_TASK PROMPT_: Print the full set of records below, character for character and picture-free.

*** DATASET ENTRIES Section Begins ***

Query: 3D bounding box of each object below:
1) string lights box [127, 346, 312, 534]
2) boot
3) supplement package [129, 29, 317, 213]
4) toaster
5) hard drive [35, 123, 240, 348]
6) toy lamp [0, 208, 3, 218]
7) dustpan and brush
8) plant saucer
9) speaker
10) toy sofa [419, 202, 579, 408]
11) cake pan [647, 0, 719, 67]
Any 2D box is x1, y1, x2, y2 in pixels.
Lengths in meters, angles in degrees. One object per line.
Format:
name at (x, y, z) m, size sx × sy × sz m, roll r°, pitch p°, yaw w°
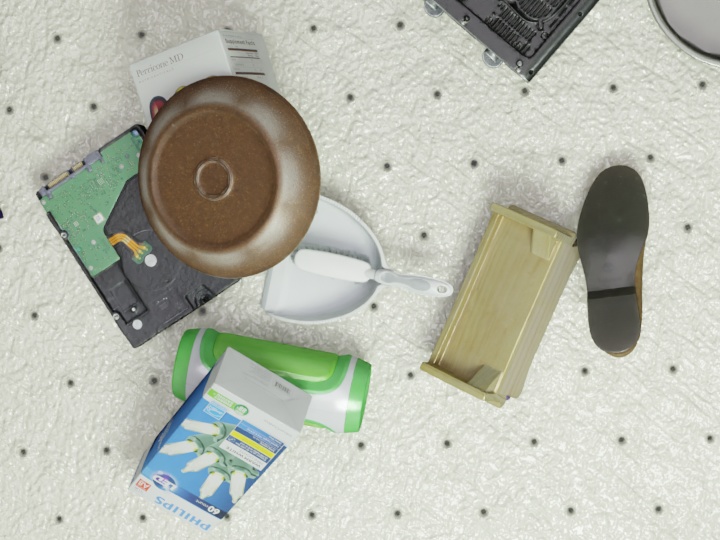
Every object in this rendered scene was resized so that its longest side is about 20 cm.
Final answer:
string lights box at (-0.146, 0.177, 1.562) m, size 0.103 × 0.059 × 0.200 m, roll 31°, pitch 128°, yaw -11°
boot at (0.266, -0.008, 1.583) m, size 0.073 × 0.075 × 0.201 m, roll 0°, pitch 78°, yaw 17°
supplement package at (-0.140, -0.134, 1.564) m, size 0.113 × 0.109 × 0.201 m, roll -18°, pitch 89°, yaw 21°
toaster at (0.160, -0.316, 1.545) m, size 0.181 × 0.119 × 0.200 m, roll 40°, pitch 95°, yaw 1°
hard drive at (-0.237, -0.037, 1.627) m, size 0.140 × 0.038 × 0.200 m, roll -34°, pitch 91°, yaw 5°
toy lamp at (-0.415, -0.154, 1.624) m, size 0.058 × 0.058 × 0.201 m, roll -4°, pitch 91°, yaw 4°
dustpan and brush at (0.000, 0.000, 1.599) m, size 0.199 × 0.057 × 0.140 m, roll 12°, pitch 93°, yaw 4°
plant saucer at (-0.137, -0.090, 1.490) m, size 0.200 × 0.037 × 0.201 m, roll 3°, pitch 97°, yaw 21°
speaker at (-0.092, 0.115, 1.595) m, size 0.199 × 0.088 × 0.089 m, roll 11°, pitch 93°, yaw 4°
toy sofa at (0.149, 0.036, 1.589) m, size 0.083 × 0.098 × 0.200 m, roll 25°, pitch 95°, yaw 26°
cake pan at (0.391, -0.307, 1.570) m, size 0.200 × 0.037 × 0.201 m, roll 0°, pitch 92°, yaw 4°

*** DATASET ENTRIES Section Ends ***

_TASK RESULT_:
Query: 3D bounding box of each object below:
1) string lights box [127, 346, 312, 534]
2) boot
3) supplement package [129, 29, 317, 213]
4) toaster
5) hard drive [35, 123, 240, 348]
6) toy lamp [0, 208, 3, 218]
7) dustpan and brush
8) plant saucer
9) speaker
10) toy sofa [419, 202, 579, 408]
11) cake pan [647, 0, 719, 67]
Any 2D box is x1, y1, x2, y2 in pixels.
Lengths in meters, angles in degrees. One object per line.
Format:
name at (x, y, z) m, size sx × sy × sz m, roll r°, pitch p°, yaw w°
Every object in this rendered scene was resized so that its longest side is about 20 cm.
Final answer:
string lights box at (-0.146, 0.177, 1.562) m, size 0.103 × 0.059 × 0.200 m, roll 31°, pitch 128°, yaw -11°
boot at (0.266, -0.008, 1.583) m, size 0.073 × 0.075 × 0.201 m, roll 0°, pitch 78°, yaw 17°
supplement package at (-0.140, -0.134, 1.564) m, size 0.113 × 0.109 × 0.201 m, roll -18°, pitch 89°, yaw 21°
toaster at (0.160, -0.316, 1.545) m, size 0.181 × 0.119 × 0.200 m, roll 40°, pitch 95°, yaw 1°
hard drive at (-0.237, -0.037, 1.627) m, size 0.140 × 0.038 × 0.200 m, roll -34°, pitch 91°, yaw 5°
toy lamp at (-0.415, -0.154, 1.624) m, size 0.058 × 0.058 × 0.201 m, roll -4°, pitch 91°, yaw 4°
dustpan and brush at (0.000, 0.000, 1.599) m, size 0.199 × 0.057 × 0.140 m, roll 12°, pitch 93°, yaw 4°
plant saucer at (-0.137, -0.090, 1.490) m, size 0.200 × 0.037 × 0.201 m, roll 3°, pitch 97°, yaw 21°
speaker at (-0.092, 0.115, 1.595) m, size 0.199 × 0.088 × 0.089 m, roll 11°, pitch 93°, yaw 4°
toy sofa at (0.149, 0.036, 1.589) m, size 0.083 × 0.098 × 0.200 m, roll 25°, pitch 95°, yaw 26°
cake pan at (0.391, -0.307, 1.570) m, size 0.200 × 0.037 × 0.201 m, roll 0°, pitch 92°, yaw 4°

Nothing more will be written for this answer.